- Opening Delimiter -

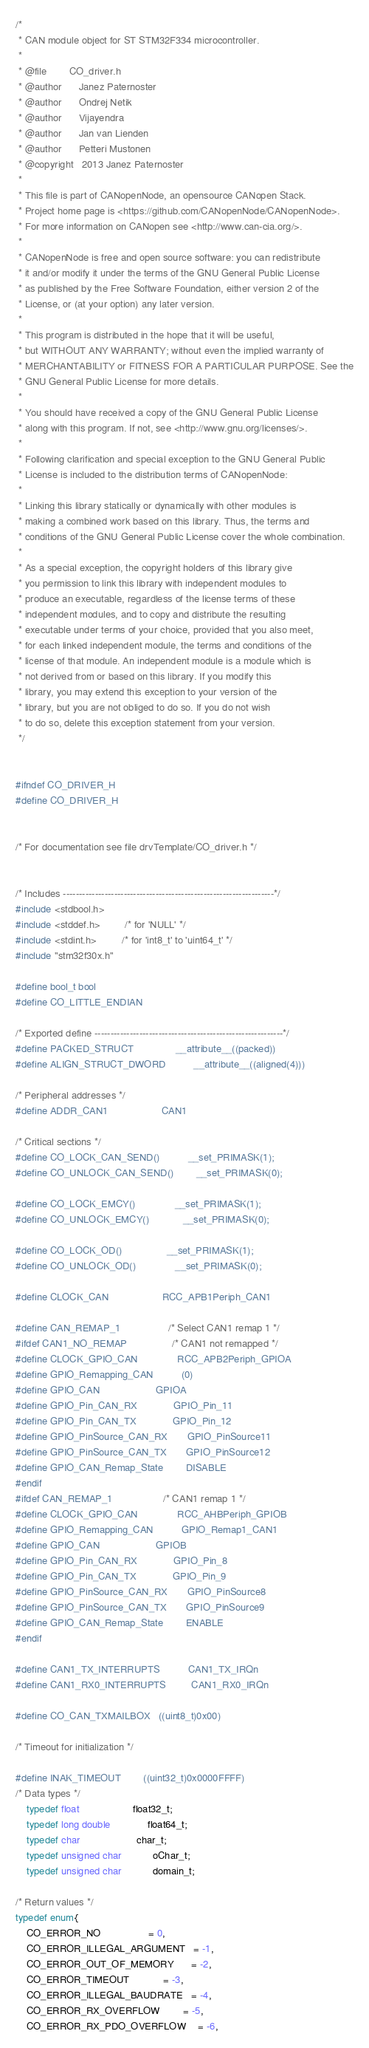Convert code to text. <code><loc_0><loc_0><loc_500><loc_500><_C_>/*
 * CAN module object for ST STM32F334 microcontroller.
 *
 * @file        CO_driver.h
 * @author      Janez Paternoster
 * @author      Ondrej Netik
 * @author      Vijayendra
 * @author      Jan van Lienden
 * @author      Petteri Mustonen
 * @copyright   2013 Janez Paternoster
 *
 * This file is part of CANopenNode, an opensource CANopen Stack.
 * Project home page is <https://github.com/CANopenNode/CANopenNode>.
 * For more information on CANopen see <http://www.can-cia.org/>.
 *
 * CANopenNode is free and open source software: you can redistribute
 * it and/or modify it under the terms of the GNU General Public License
 * as published by the Free Software Foundation, either version 2 of the
 * License, or (at your option) any later version.
 *
 * This program is distributed in the hope that it will be useful,
 * but WITHOUT ANY WARRANTY; without even the implied warranty of
 * MERCHANTABILITY or FITNESS FOR A PARTICULAR PURPOSE. See the
 * GNU General Public License for more details.
 *
 * You should have received a copy of the GNU General Public License
 * along with this program. If not, see <http://www.gnu.org/licenses/>.
 *
 * Following clarification and special exception to the GNU General Public
 * License is included to the distribution terms of CANopenNode:
 *
 * Linking this library statically or dynamically with other modules is
 * making a combined work based on this library. Thus, the terms and
 * conditions of the GNU General Public License cover the whole combination.
 *
 * As a special exception, the copyright holders of this library give
 * you permission to link this library with independent modules to
 * produce an executable, regardless of the license terms of these
 * independent modules, and to copy and distribute the resulting
 * executable under terms of your choice, provided that you also meet,
 * for each linked independent module, the terms and conditions of the
 * license of that module. An independent module is a module which is
 * not derived from or based on this library. If you modify this
 * library, you may extend this exception to your version of the
 * library, but you are not obliged to do so. If you do not wish
 * to do so, delete this exception statement from your version.
 */


#ifndef CO_DRIVER_H
#define CO_DRIVER_H


/* For documentation see file drvTemplate/CO_driver.h */


/* Includes ------------------------------------------------------------------*/
#include <stdbool.h>
#include <stddef.h>         /* for 'NULL' */
#include <stdint.h>         /* for 'int8_t' to 'uint64_t' */
#include "stm32f30x.h"

#define bool_t bool
#define CO_LITTLE_ENDIAN

/* Exported define -----------------------------------------------------------*/
#define PACKED_STRUCT               __attribute__((packed))
#define ALIGN_STRUCT_DWORD          __attribute__((aligned(4)))

/* Peripheral addresses */
#define ADDR_CAN1                   CAN1

/* Critical sections */
#define CO_LOCK_CAN_SEND()          __set_PRIMASK(1);
#define CO_UNLOCK_CAN_SEND()        __set_PRIMASK(0);

#define CO_LOCK_EMCY()              __set_PRIMASK(1);
#define CO_UNLOCK_EMCY()            __set_PRIMASK(0);

#define CO_LOCK_OD()                __set_PRIMASK(1);
#define CO_UNLOCK_OD()              __set_PRIMASK(0);

#define CLOCK_CAN                   RCC_APB1Periph_CAN1

#define CAN_REMAP_1                 /* Select CAN1 remap 1 */
#ifdef CAN1_NO_REMAP                /* CAN1 not remapped */
#define CLOCK_GPIO_CAN              RCC_APB2Periph_GPIOA
#define GPIO_Remapping_CAN          (0)
#define GPIO_CAN                    GPIOA
#define GPIO_Pin_CAN_RX             GPIO_Pin_11
#define GPIO_Pin_CAN_TX             GPIO_Pin_12
#define GPIO_PinSource_CAN_RX       GPIO_PinSource11
#define GPIO_PinSource_CAN_TX       GPIO_PinSource12
#define GPIO_CAN_Remap_State        DISABLE
#endif
#ifdef CAN_REMAP_1                  /* CAN1 remap 1 */
#define CLOCK_GPIO_CAN              RCC_AHBPeriph_GPIOB
#define GPIO_Remapping_CAN          GPIO_Remap1_CAN1
#define GPIO_CAN                    GPIOB
#define GPIO_Pin_CAN_RX             GPIO_Pin_8
#define GPIO_Pin_CAN_TX             GPIO_Pin_9
#define GPIO_PinSource_CAN_RX       GPIO_PinSource8
#define GPIO_PinSource_CAN_TX       GPIO_PinSource9
#define GPIO_CAN_Remap_State        ENABLE
#endif

#define CAN1_TX_INTERRUPTS          CAN1_TX_IRQn
#define CAN1_RX0_INTERRUPTS         CAN1_RX0_IRQn

#define CO_CAN_TXMAILBOX   ((uint8_t)0x00)

/* Timeout for initialization */

#define INAK_TIMEOUT        ((uint32_t)0x0000FFFF)
/* Data types */
    typedef float                   float32_t;
    typedef long double             float64_t;
    typedef char                    char_t;
    typedef unsigned char           oChar_t;
    typedef unsigned char           domain_t;

/* Return values */
typedef enum{
    CO_ERROR_NO                 = 0,
    CO_ERROR_ILLEGAL_ARGUMENT   = -1,
    CO_ERROR_OUT_OF_MEMORY      = -2,
    CO_ERROR_TIMEOUT            = -3,
    CO_ERROR_ILLEGAL_BAUDRATE   = -4,
    CO_ERROR_RX_OVERFLOW        = -5,
    CO_ERROR_RX_PDO_OVERFLOW    = -6,</code> 
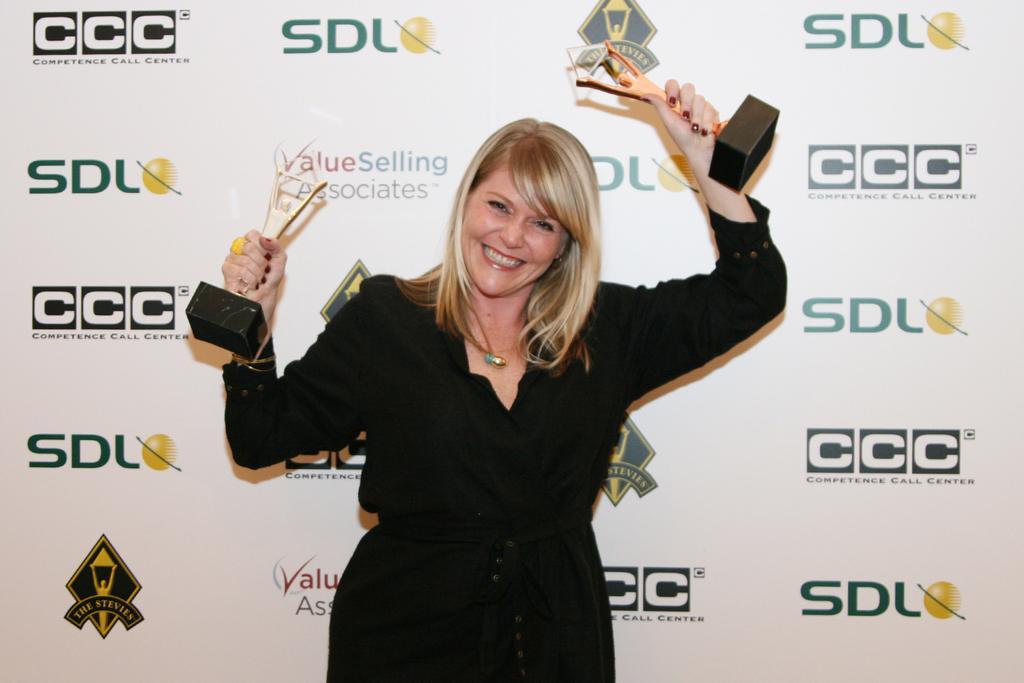Could you give a brief overview of what you see in this image? In the center of the image we can see a woman standing holding the mementos. On the backside we can see a board with some text on it. 
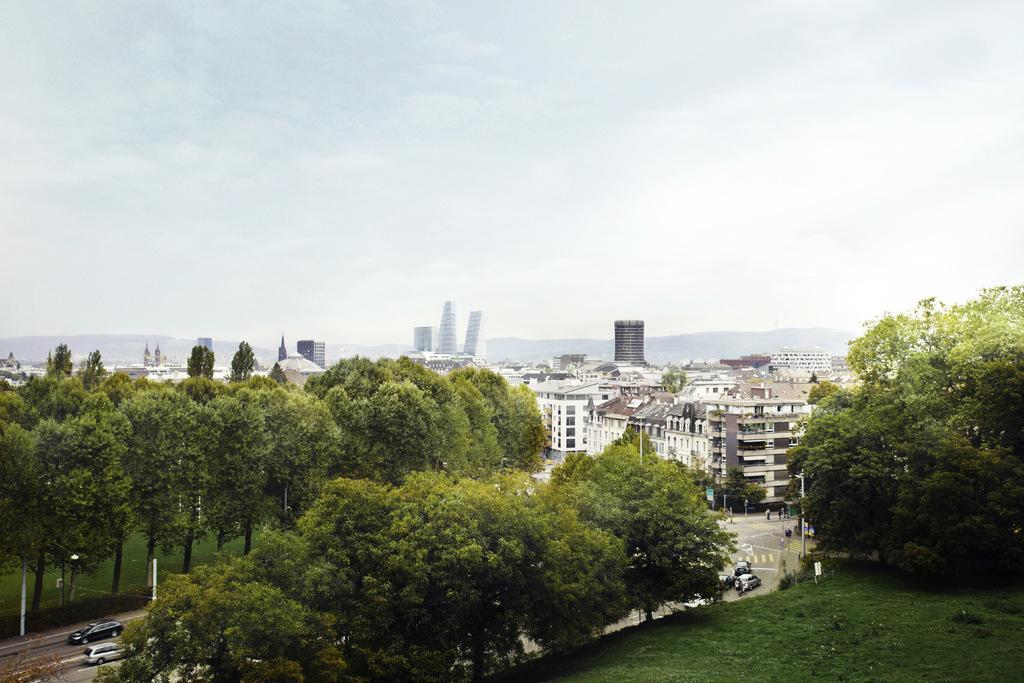In one or two sentences, can you explain what this image depicts? This is an aerial view. In this picture we can see the buildings, trees, mountains, grass, vehicles, road, poles. At the top of the image we can see the clouds are present in the sky. At the bottom of the image we can see the ground.

- Closing Delimiter -

To do:
Search the entries above for the word "terms", and copy every line where it occurs.

Answer for the task:
 * it and/or modify it under the terms of the GNU General Public License
 * License is included to the distribution terms of CANopenNode:
 * making a combined work based on this library. Thus, the terms and
 * produce an executable, regardless of the license terms of these
 * executable under terms of your choice, provided that you also meet,
 * for each linked independent module, the terms and conditions of the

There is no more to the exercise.